Wednesday, June 8, 2011

You gotta catch up.

Well, I don't really even know where to start. I feel like there is so much for me to explain for most of you to even halfway understand why I'm writing this blog. I guess I will start back a little more than two years ago.

Senior year of high school my two year long sweetheart broke up with me and my life pretty much fell apart. Yea, I was one of those girls who was hopelessly in love with a boy who I wanted to marry. I was blind to the unhealthy issues of our relationship that completely tore down my life. He was my dream, my love, my ideal. He was sadly my life. So when he left, so did everything that I knew. BUT! It was the best thing that ever happened to me. After we broke up I found Christ and became saved. I had a wonderful friend who stood by my side for the messy months to follow, ironically her name is Grace. I am happy to say that I am completely changed from the person I was in high school. Yes people really can change. I became more independent, confident, strong and happy. I even did a beauty pageant and won 3rd place out of 500 girls in the summer to follow. I remember the first morning that I woke up actually feeling happy, true happiness, even though I really had no reason to be. Jesus Christ changed my life. I was dead before and now I am truly alive. It is only threw the Lord that I have been able to live out the life that has been given to me. A lot of people think that a Christian life is easy but my life has been anything but that. 

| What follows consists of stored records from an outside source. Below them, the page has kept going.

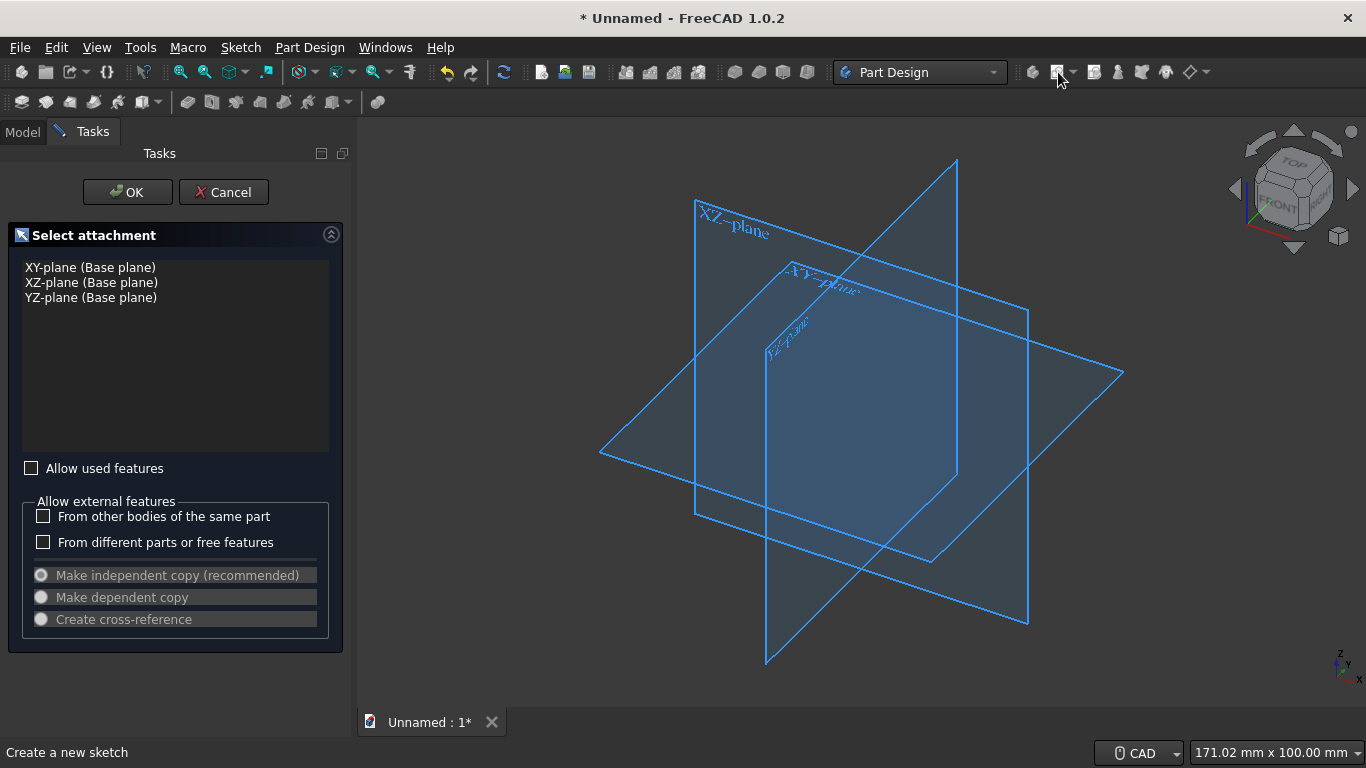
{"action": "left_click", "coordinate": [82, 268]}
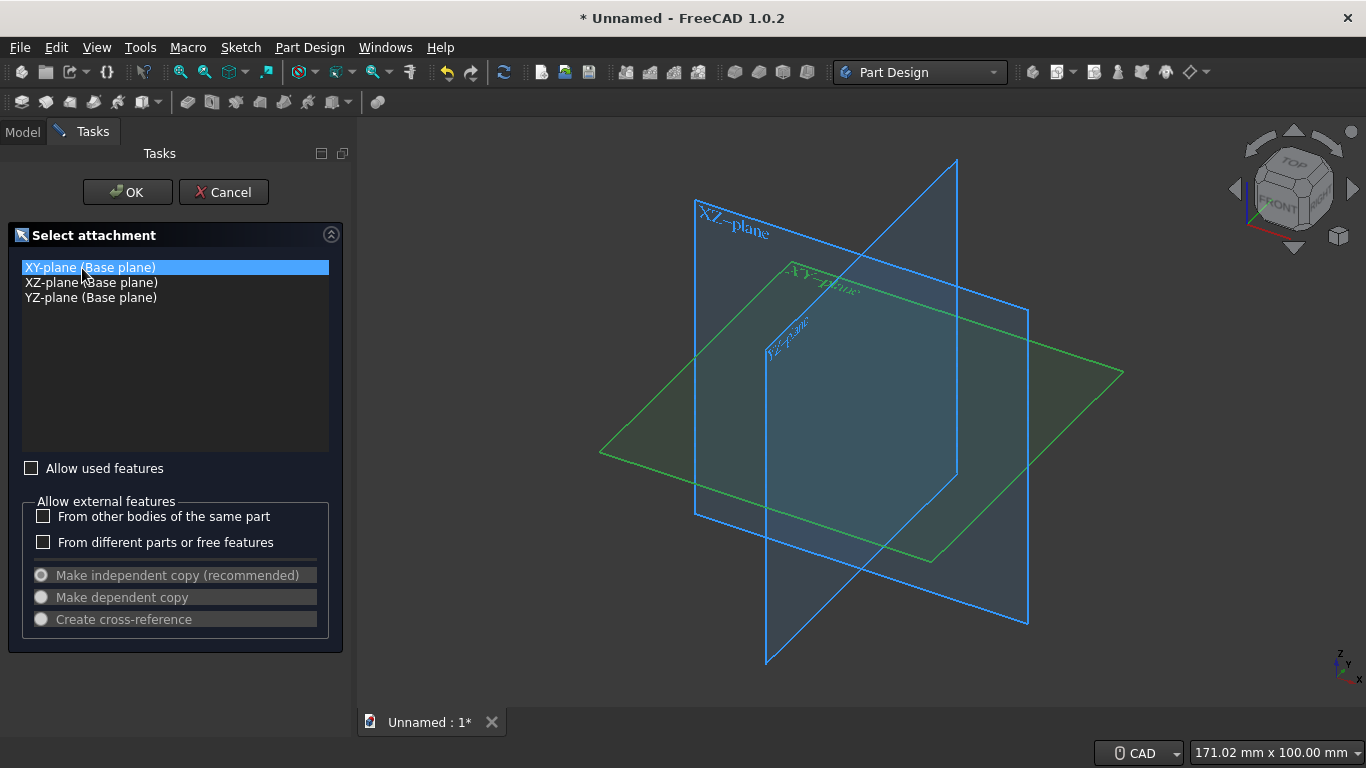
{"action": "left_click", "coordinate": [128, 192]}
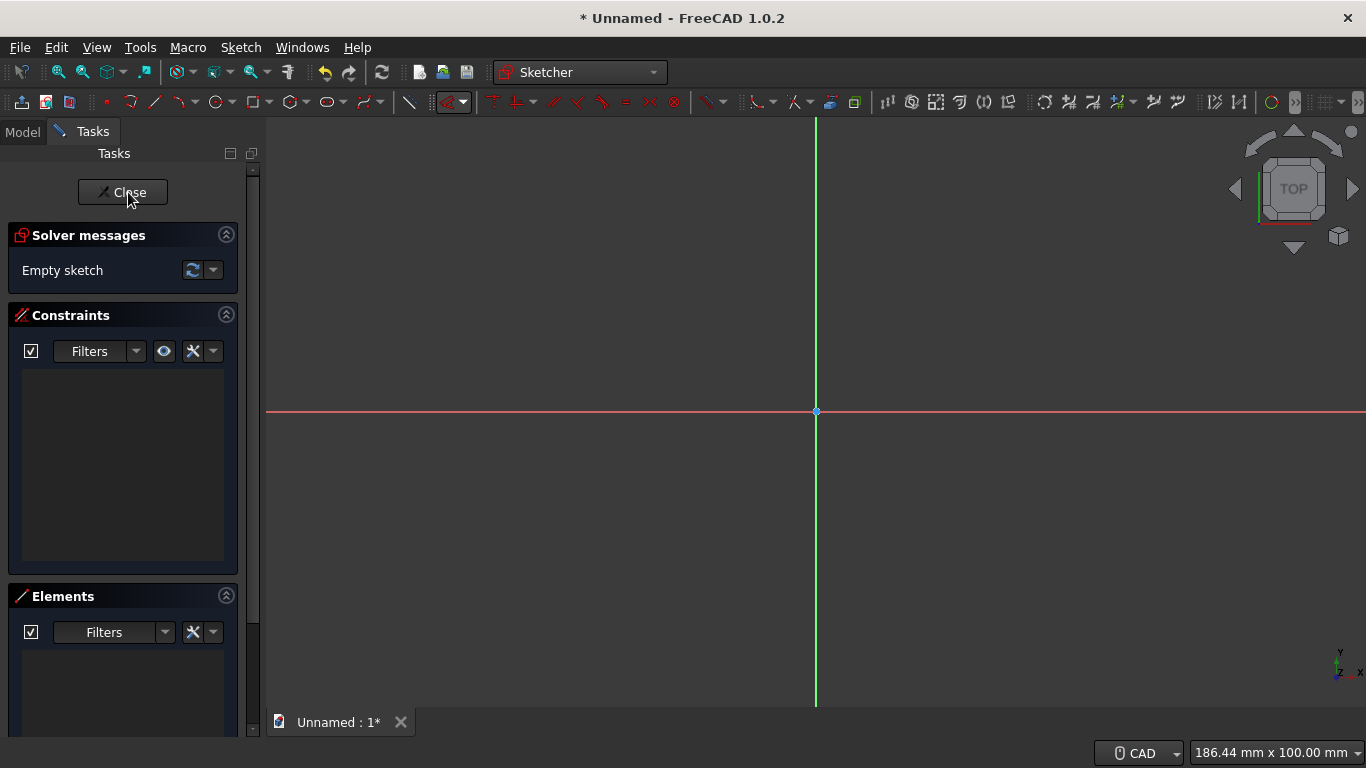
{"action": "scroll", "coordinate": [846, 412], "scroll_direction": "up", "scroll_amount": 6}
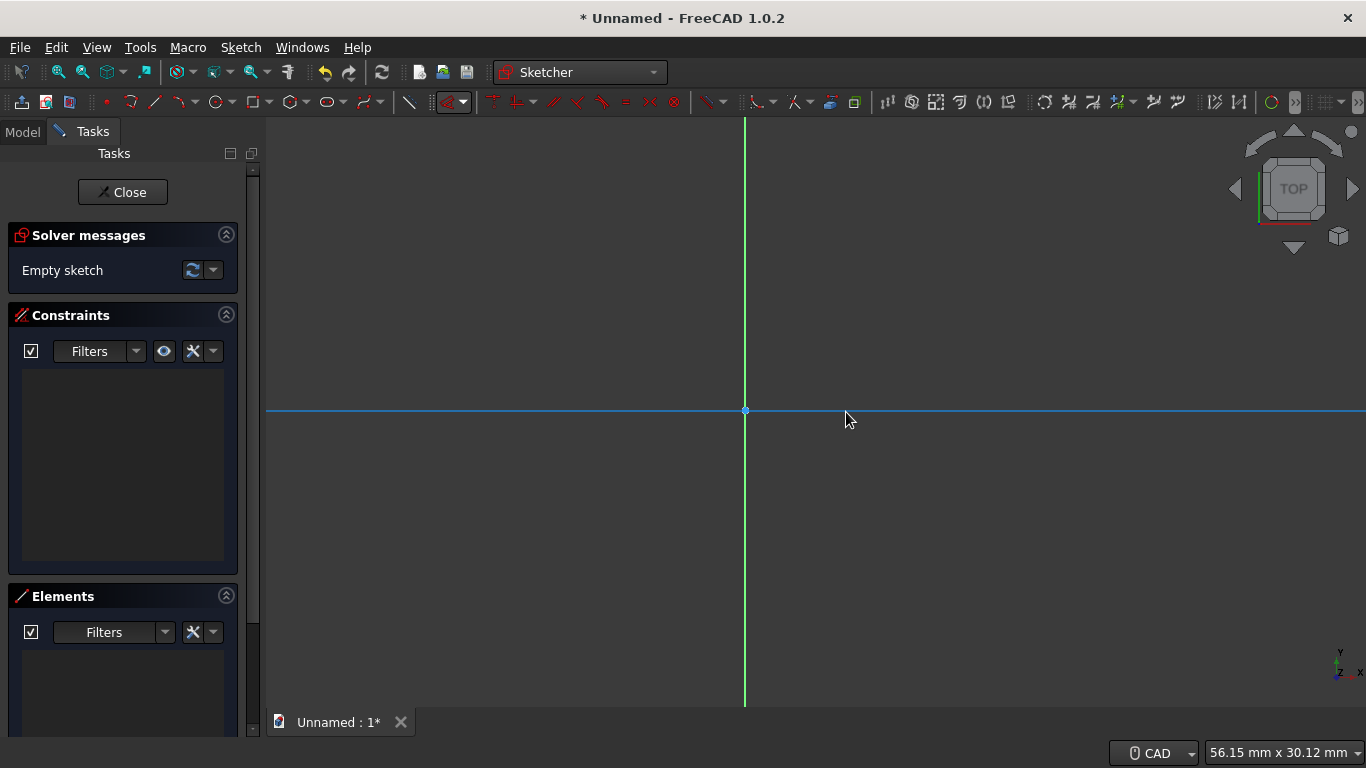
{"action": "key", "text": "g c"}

Shortly after my brake up and salvation, my parents drove themselves into hell... oh wait, I meant debt. My mom was a stay home mom and my Dad owned his own Car wash restate company. He use to make like 90,000 a deal but then the economy crashed. Within a year, my parents went threw their savings (because they didn't really have any. Lesson learned there?), maxed out their credit cards and took my twin sisters and my college funds. Yea... I'm not kidding. It was by the grace of God and a 0 on my parents FAFSA score that my twin sister and I even went to college. My twin sister and I have had a lot of anger toward our parents fininially over the last few years but we have learned to forgive and get over it all. Life isn't about money and how much you make. I do not want to waste my life worshiping money and what is says it has to offer. I'd rather be poor and worship the Lord of all creation because he actually follows threw on what He has to offer.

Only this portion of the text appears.